Edgar Allan Poe: The Artist of the beautiful

American Poetry Review, The, Nov 1995 by Hoffman, Daniel

Poe's non-adoptive foster father John Allan had no clue to the scope or relevance of his contrary young charge's ambition. Allan was not the man to infer from young Edgar's seven-mile swim in the James River, in emulation of, or rivalry with, Byron's swimming the Hellespont, how grandiose were his literary aims. At twenty Poe had conceived, and in "Al Aaraaf" attempted to embody, a cosmology, a philosophical aesthetic which enshrined imagination and gave it dominion over a realm untouched by the baseness of human passions or experience of the Time-bound world. The 422 lines of this poem (just a dozen shorter than The Waste Land) show Poe's borrowings from Milton and from Thomas Moore's then popular Lalla Rookh--strange juxtaposition!--in a plot of his own devising. Poe, an omnivorous reader, seized on an encyclopedia account of the observations of the Danish astronomer Tycho Brahe, who in 1572-74 recorded the sudden appearance and subsequent fading away of a bright star-what we now know to have been a supernova-in the constellation Cassiopeia. Poe also read, in George Sale's translation of the Koran (1734) a passage describing "Al Aaraaf" as a sort of limbo between Heaven and Hell where reside those "whose good and evil works are so equal that they . . . deserve neither reward nor punishment and will, on the last day be admitted to paradise, after they perform an act of adoration." Poe boldly transformed this description, locating Al Aaraaf on Tycho Brahe's star now invisible to human sight, and making it the realm of Nesace, the spirit of Beauty. Here, on this happier star foretold in his sonnet, passion, such as that between the demispirits Ianthe and Angelo (Michaelangelo Buonarroti) has no place. "They fell: for Heaven to them no hope impartsi Who hear not for the beating of their hearts." What they "hear not" is the harmony of the spheres whose avatar is described thus:

Ligeia! wherever

Thy image may be,

No magic shall sever

Thy music from thee.

Later, in his essay "The Philosophy of Composition" (1846), Poe decided that a true poem must be readable at a single sitting and should not exceed the length of one hundred lines, tacitly admitting that "Al Aaraaf" failed by his own measure. What it succeeds in doing, however, is in making specific the aim that Poe's poems will attempt to fulfill.

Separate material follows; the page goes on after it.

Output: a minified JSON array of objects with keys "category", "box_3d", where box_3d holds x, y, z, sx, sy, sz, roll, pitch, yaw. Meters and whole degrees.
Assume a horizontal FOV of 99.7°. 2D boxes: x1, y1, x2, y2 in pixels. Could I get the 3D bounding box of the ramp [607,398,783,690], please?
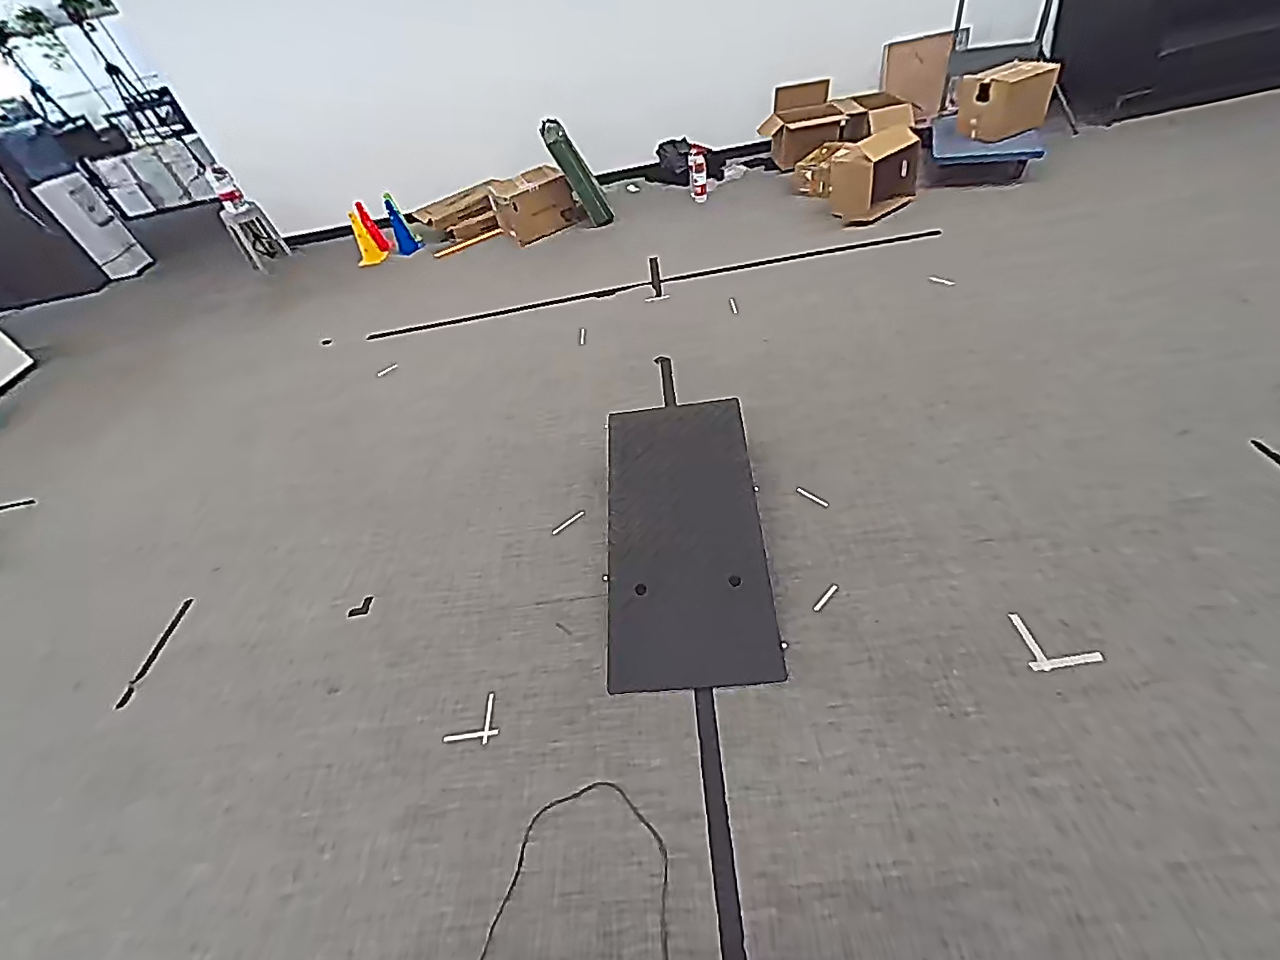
[{"category":"ramp","box_3d":[0.134,0.142,1.749,0.509,0.206,0.991,-7,46,5]}]

This is to enact the autonomy of the imagination in its own self-generated and self-contained universe of dreams, where Beauty is its subject and the baseness of the world, subject to the decay of Time, is left behind by the poet with his vision of a happier star.

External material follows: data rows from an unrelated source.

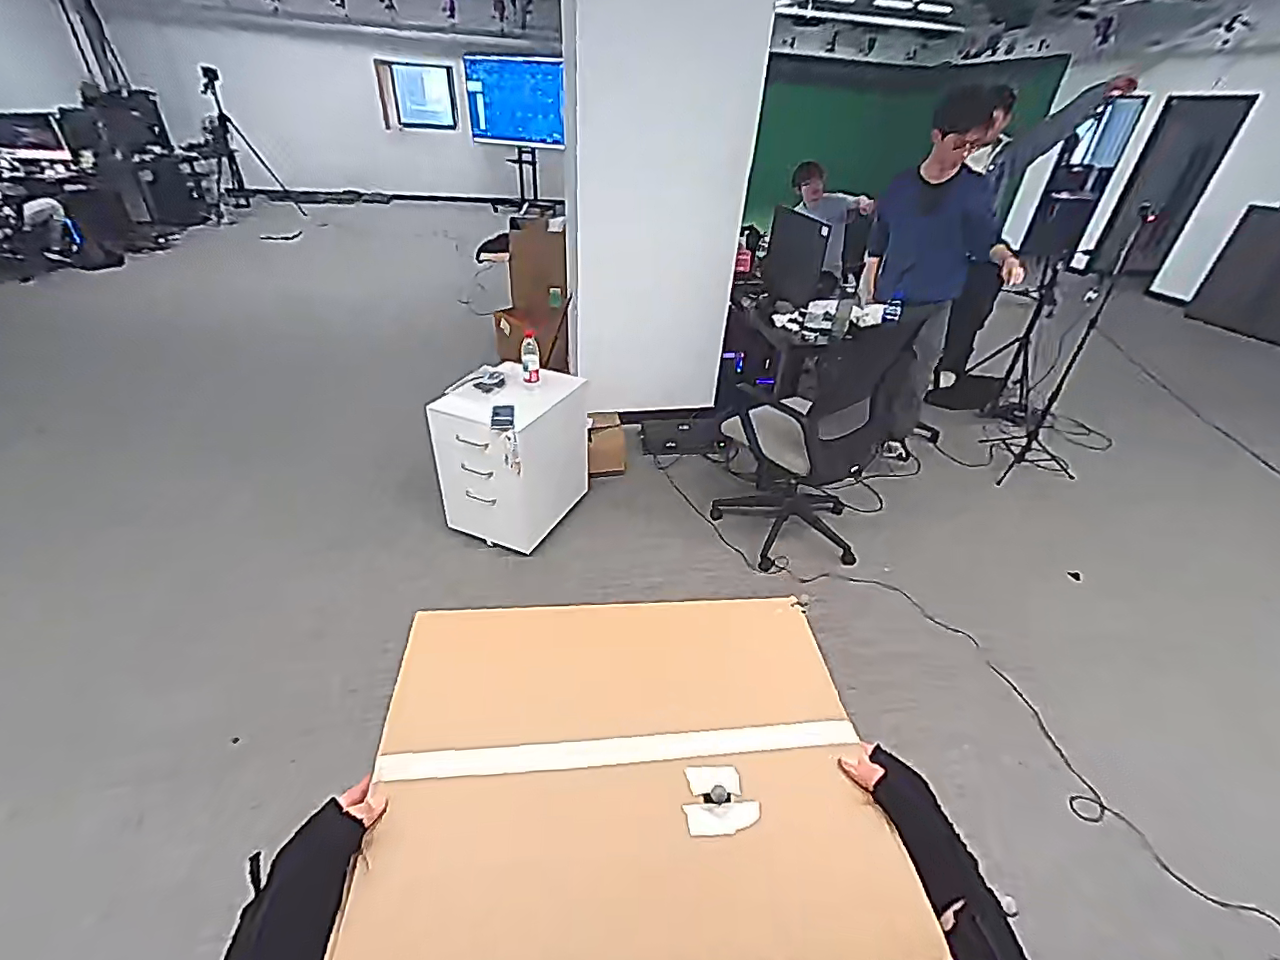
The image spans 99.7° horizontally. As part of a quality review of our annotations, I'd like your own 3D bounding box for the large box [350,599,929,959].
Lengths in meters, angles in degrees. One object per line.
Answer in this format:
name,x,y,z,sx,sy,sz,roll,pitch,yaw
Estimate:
large box,-0.019,0.349,0.558,0.408,0.320,0.320,0,39,-8

At this point it is useful to consider "The Philosophy of Composition," the essay that purports to explain how Poe wrote "The Raven" (1845), since it so clearly states the principles enacted by his other poems. The reason for limiting the poem to one hundred lines is that its aim is the excitation of the reader's soul, an effect which a longer poem can only intermittently achieve. Everything in the poem must contribute to this effect-rhythm, sound, rhyme, and especially subject. The optimum subject for producing this effect is the most melancholy, the emotion educed by the contemplation of the death of a beautiful woman. Poe reasons back from the text of "The Raven" to the putative choices by which he claims it was written. Although the poem is driven by an unassuageable emotion, Poe claims its composition resulted from a series of interlocked conscious choices. Over these details we need not pause, but the importance of this essay is its portrayal of the poetic act of creation not as a spontaneous overflowing of inspiration but as the conscious embodiment in verse by a craftsman of his predetermined ideas. Poe's presentation of the poet as Maber, rather than, as with other Romantics, as Finder, greatly influenced French and American poetry and criticism.